Although the worst-case scenario may be unlikely, that’s also true of the best-case scenario for Trump

The best-case scenario

Although the worst-case scenario may be unlikely, that’s also true of the best-case scenario for Trump.

A rapid rollout of bilateral trade deals could assuage the looming tariff deadline concerns, bringing broader certainty on trade. Continued positive vibes on the Trump administration’s China talks could also assuage markets.

Meanwhile, if tariff revenues continue to tick up from tariffs that are in place, that could alleviate some concerns that the passage of the Big, Beautiful Bill would add too much to the deficit. The bill also has the added benefit of removing a massive near-term risk – the debt ceiling – off the table, enabling America to make good on its debt obligations.

Businesses could grow more certain about the economy from the passage of the tax cut bill and more trade deals, both of which would be viewed as pro-growth and pro-business. That could reignite corporate investment and restore faith in America’s economy.

If, then, spending talks in September somehow lead to bipartisan support for sharply reduced spending, then perhaps Trump’s promise of a new economic Golden Age is possible, after all.

Of course, the problem with that scenario is it requires a lot of things to go right all at the same time – and therein lies the biggest, yet least-understood risk Trump faces: Everything in his plan is connected to everything else. At its conception, his economic agenda was a high wire act with not net – one that mainstream economists from both parties largely found completely implausible.
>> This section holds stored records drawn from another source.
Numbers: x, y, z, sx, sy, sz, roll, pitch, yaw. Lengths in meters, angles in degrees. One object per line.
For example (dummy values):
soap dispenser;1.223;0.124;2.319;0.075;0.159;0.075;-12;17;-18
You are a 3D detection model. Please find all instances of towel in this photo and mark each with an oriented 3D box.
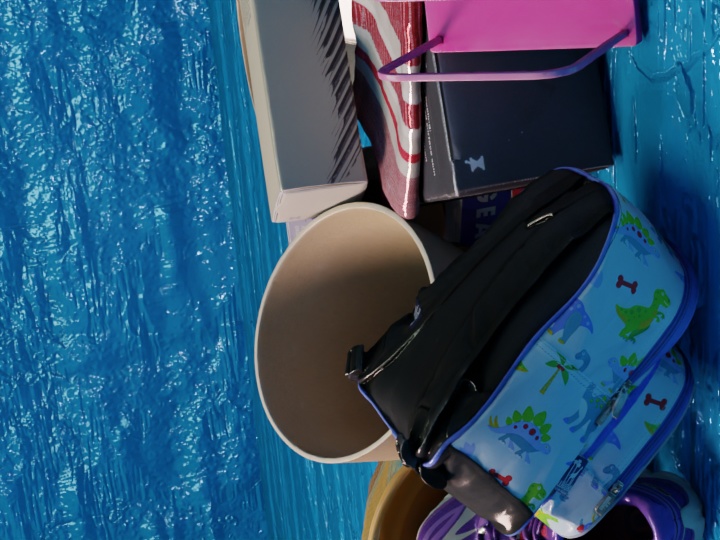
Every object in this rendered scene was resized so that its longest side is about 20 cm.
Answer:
towel;0.016;-0.156;1.299;0.145;0.023;0.201;-112;16;-48
towel;0.030;0.175;1.510;0.200;0.022;0.148;-80;10;-62

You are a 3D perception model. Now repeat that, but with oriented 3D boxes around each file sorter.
file sorter;0.076;-0.219;1.098;0.125;0.138;0.202;-37;-56;-59

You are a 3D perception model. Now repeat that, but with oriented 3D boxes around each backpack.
backpack;0.116;0.048;1.150;0.147;0.201;0.183;36;-175;-22

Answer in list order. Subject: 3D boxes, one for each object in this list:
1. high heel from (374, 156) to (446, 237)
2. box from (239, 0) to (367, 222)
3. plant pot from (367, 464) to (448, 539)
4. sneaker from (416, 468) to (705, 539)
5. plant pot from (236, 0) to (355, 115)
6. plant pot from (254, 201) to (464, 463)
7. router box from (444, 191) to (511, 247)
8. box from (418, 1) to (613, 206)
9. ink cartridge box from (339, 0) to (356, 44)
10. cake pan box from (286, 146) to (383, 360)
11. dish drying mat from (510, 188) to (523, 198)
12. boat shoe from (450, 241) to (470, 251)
high heel;0.030;-0.118;1.518;0.096;0.067;0.202;-148;52;-80
box;-0.045;-0.144;1.389;0.082;0.068;0.202;117;145;-74
plant pot;0.111;0.207;1.348;0.183;0.198;0.202;39;-141;-82
sneaker;0.118;0.165;1.201;0.083;0.198;0.082;3;-106;-61
plant pot;-0.045;-0.241;1.907;0.200;0.133;0.203;170;90;-80
plant pot;0.054;0.061;1.407;0.186;0.199;0.189;-13;71;42
router box;0.082;-0.118;1.551;0.201;0.048;0.180;90;166;-44
box;0.083;-0.153;1.313;0.200;0.116;0.199;177;83;-81
ink cartridge box;-0.004;-0.300;1.519;0.201;0.083;0.146;-65;-18;-44
cake pan box;0.000;0.000;1.542;0.184;0.052;0.202;-30;-66;-69
dish drying mat;0.130;0.003;1.379;0.201;0.018;0.077;-96;5;-59
boat shoe;0.087;0.064;1.548;0.070;0.070;0.202;36;145;59

Trump and his administration have already made their lives dramatically more complicated with the chaotic rollout of their trade policy. And the tax bill is far less pro-growth than they would’ve ideally had, as the bill makes the biggest corporate incentives temporary while backloading all the biggest cuts and fiscal restraint.

Getting ‘yippy’

For all the ways Trump and his advisors have bulldozed and bent to its will seemingly every obstacle and opponent in its path the last few months, those same White House officials are keenly, if quietly, aware that the bond market may be the most uniquely immune actor to Trump’s executive authority – no matter how expansive he views its reach.

That’s not based on speculation. It’s based on Trump’s own actions last month when CNN reported palpable concern about investor discomfort with US debt – or, in Trump’s words a bond market that was “getting yippy” – sparked a dramatic pullback in the tariff policy that had rattled the global financial system.

Trump has since been dismissive of the bond market’s role in his decision and Treasury Secretary Scott Bessent has claimed, however tenuously, that the 90-day pause on the administration’s draconian “reciprocal” tariff rates was all part of the plan.

Bessent, in an off-the-cuff quip at a finance conference earlier this month, appeared to confirm what sources made clear was central factor in the decision.

“I’ve got this app on my phone that anytime the US government prices change by more than 2% in two hours, off my phone goes…” Michael Milken started to tell Bessent during a moderated conversation between the two in Los Angeles.

“Please don’t share that with the president,” Bessent, cutting Milken off, quipped to widespread laughter from the audience.

The decision to reverse course on “Liberation Day” tariffs, at least temporarily, settled the bond markets and has driven a rally in the stock market that has equities at a higher point than they were before the tariffs were announced. But the Moody’s downgrade and the market suddenly grasping the roughly $4 trillion debt load Trump’s tax cuts and spending bill would pile on has brought the April anxiety back to the forefront.

The news of weak demand at a Wednesday afternoon bond auction accelerated that unease in a dramatic fashion. It also brought back to mind the particularly handy reflection dished out by a top White House official more than three decades ago.

“I used to think that if there was reincarnation, I wanted to come back as the President or the Pope or as a .400 baseball hitter,” the eminently quotable Democratic political operative James Carville said after President Bill Clinton’s White House was singed by investors. “But now I would want to come back as the bond market. You can intimidate everybody.”